Thanks for this post! Relatedly, Simon DeDeo had a thread on different ways the KL-divergence pops up in many fields:
Kullback-Leibler divergence has an enormous number of interpretations and uses: psychological, epistemic, thermodynamic, statistical, computational, geometrical… I am pretty sure I could teach an entire graduate seminar on it.
Psychological: an excellent predictor of where attention is directed. http://ilab.usc.edu/surprise/
Epistemic: a normative measure of where you ought to direct your experimental efforts (maximize expected model-breaking) http://www.jstor.org/stable/4623265
Thermodynamic: a measure of work you can extract from an out-of-equlibrium system as it relaxes to equilibrium.

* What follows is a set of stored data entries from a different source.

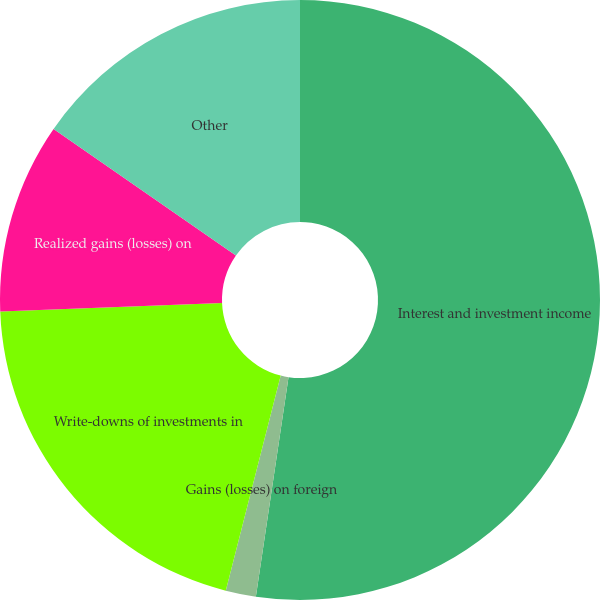Convert chart. <chart><loc_0><loc_0><loc_500><loc_500><pie_chart><fcel>Interest and investment income<fcel>Gains (losses) on foreign<fcel>Write-downs of investments in<fcel>Realized gains (losses) on<fcel>Other<nl><fcel>52.35%<fcel>1.63%<fcel>20.41%<fcel>10.27%<fcel>15.34%<nl></chart> 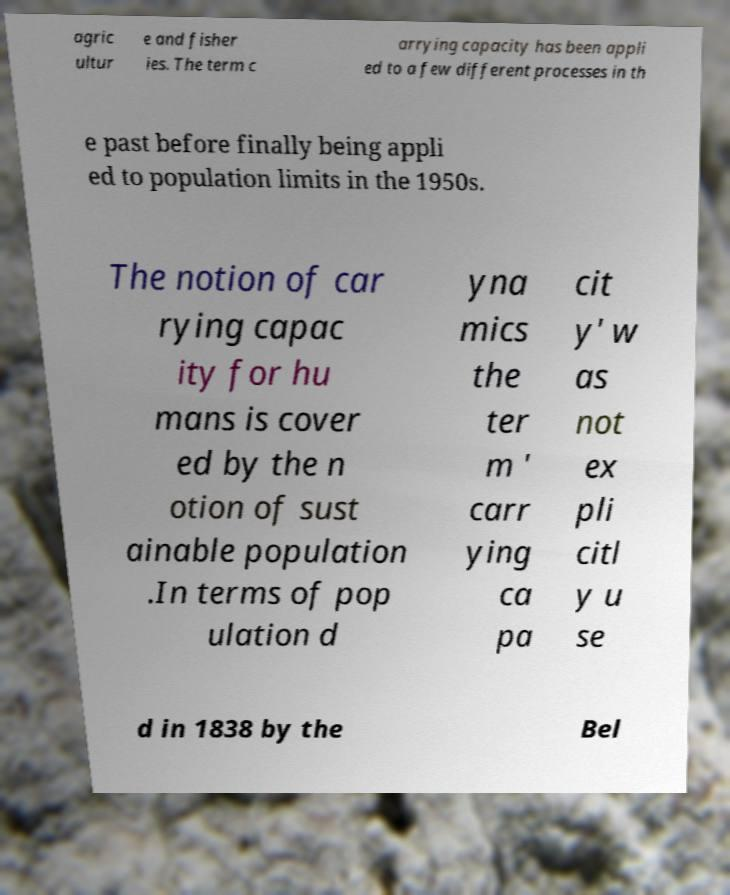Can you read and provide the text displayed in the image?This photo seems to have some interesting text. Can you extract and type it out for me? agric ultur e and fisher ies. The term c arrying capacity has been appli ed to a few different processes in th e past before finally being appli ed to population limits in the 1950s. The notion of car rying capac ity for hu mans is cover ed by the n otion of sust ainable population .In terms of pop ulation d yna mics the ter m ' carr ying ca pa cit y' w as not ex pli citl y u se d in 1838 by the Bel 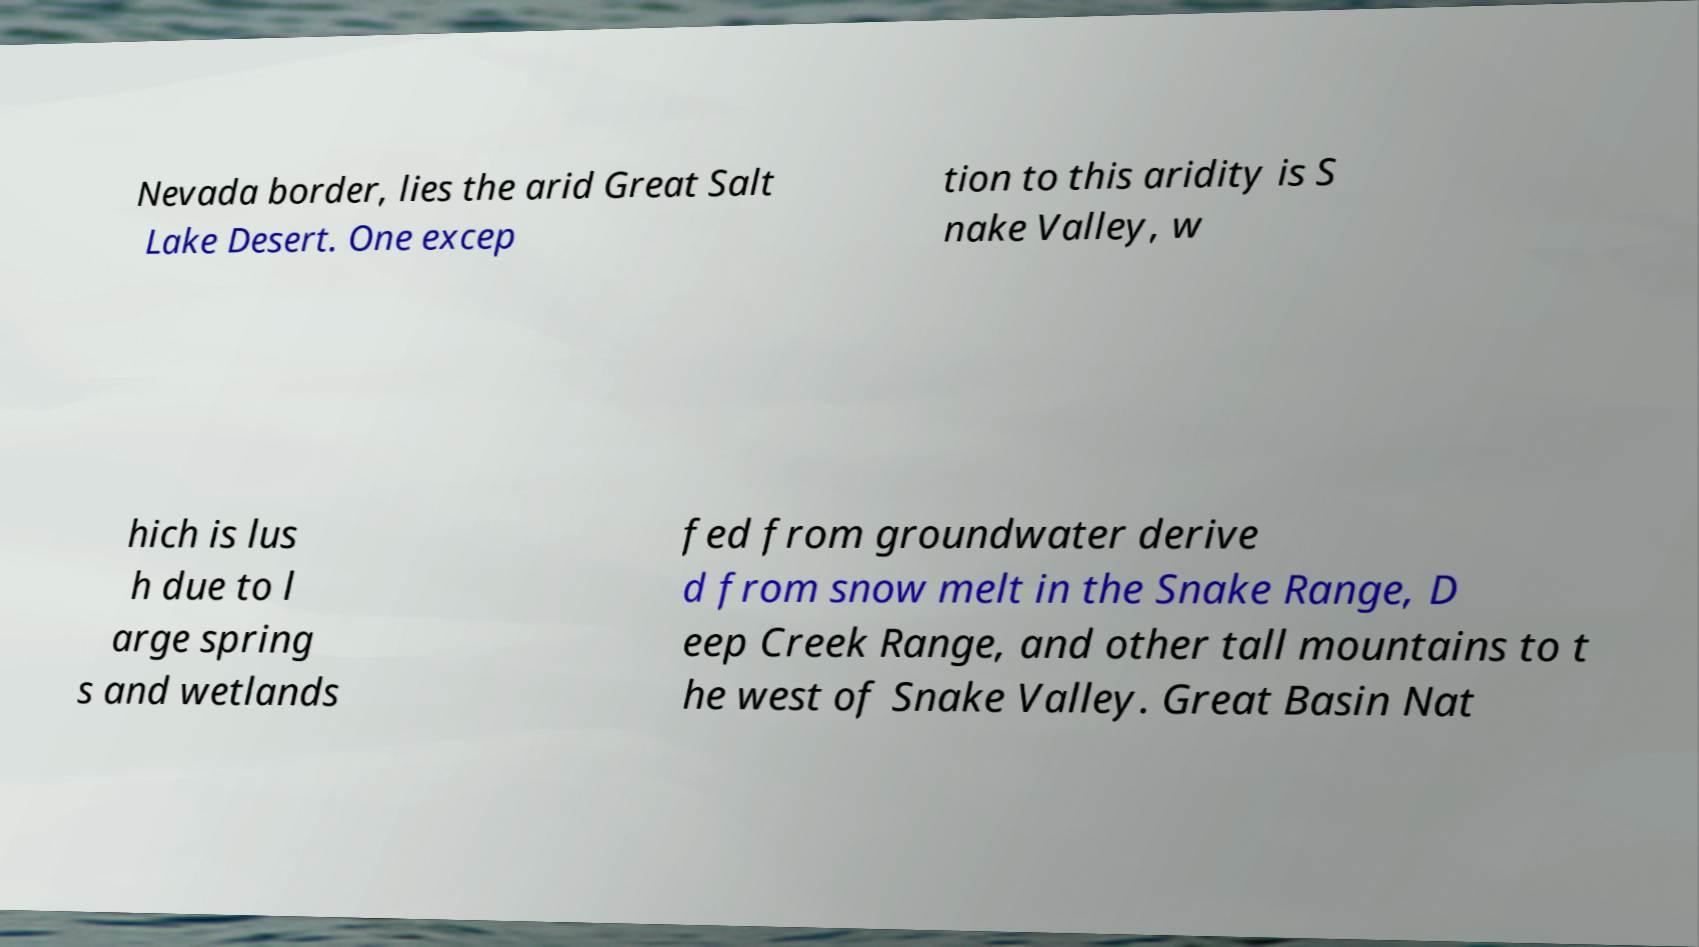For documentation purposes, I need the text within this image transcribed. Could you provide that? Nevada border, lies the arid Great Salt Lake Desert. One excep tion to this aridity is S nake Valley, w hich is lus h due to l arge spring s and wetlands fed from groundwater derive d from snow melt in the Snake Range, D eep Creek Range, and other tall mountains to t he west of Snake Valley. Great Basin Nat 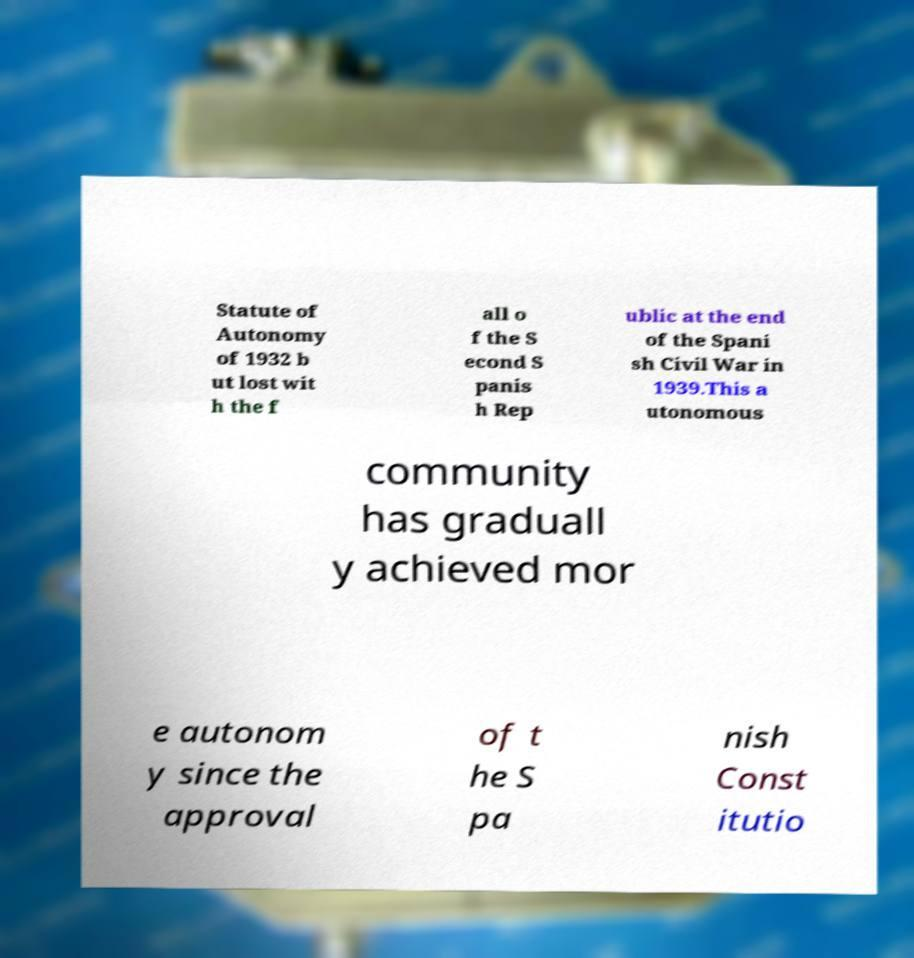I need the written content from this picture converted into text. Can you do that? Statute of Autonomy of 1932 b ut lost wit h the f all o f the S econd S panis h Rep ublic at the end of the Spani sh Civil War in 1939.This a utonomous community has graduall y achieved mor e autonom y since the approval of t he S pa nish Const itutio

Statistical: too many to count, but (e.g.) a measure of the failure of an approximation method. https://www.countbayesie.com/blog/2017/5/9/kullback-leibler-divergence-explained
Computational (machine learning): a measure of model inefficiency—the extent to which it retains useless information. https://arxiv.org/abs/1203.3271
Computational (compression): the extent to which a compression algorithm designed for one system fails when applied to another.
Geometrical: the (non-metric!) connection when one extends differential geometry to the probability simplex.
Biological: the extent to which subsystems co-compute.
Machine learning: the basic loss function for autoencoders, deep learning, etc. (people call it the “cross-entropy”)
Algorithmic fairness. How to optimally constrain a prediction algorithm when ensuring compliance with laws on equitable treatment. https://arxiv.org/abs/1412.4643
Cultural evolution: a metric (we believe) for the study of individual exploration and innovation tasks… https://www.sciencedirect.com/science/article/pii/S0010027716302840 …
Digital humanism: Kullback-Leibler divergence is related to TFIDF, but with much nicer properties when it comes to coarse-graining. (The most distinctive words have the highest partial-KL when teasing apart documents; stopwords have the lowest) http://www.mdpi.com/1099-4300/15/6/2246
Mutual information: Well, it’s a special case of Kullback-Leibler—the extent to which you’re surprised by (arbitrary) correlations between a pair of variables if you believe they’re independent.
Statistics: it’s the underlying justification for the Akiake Information Criterion, used for model selection.
Philosophy of mind: It’s the “free energy” term in the predictive brain account of perception and consciousness. See Andy Clark’s new book or https://link.springer.com/article/10.1007%2Fs11229-017-1534-5
Thanks for this comment, I found it useful.
What did you want to write at the end of the penultimate paragraph?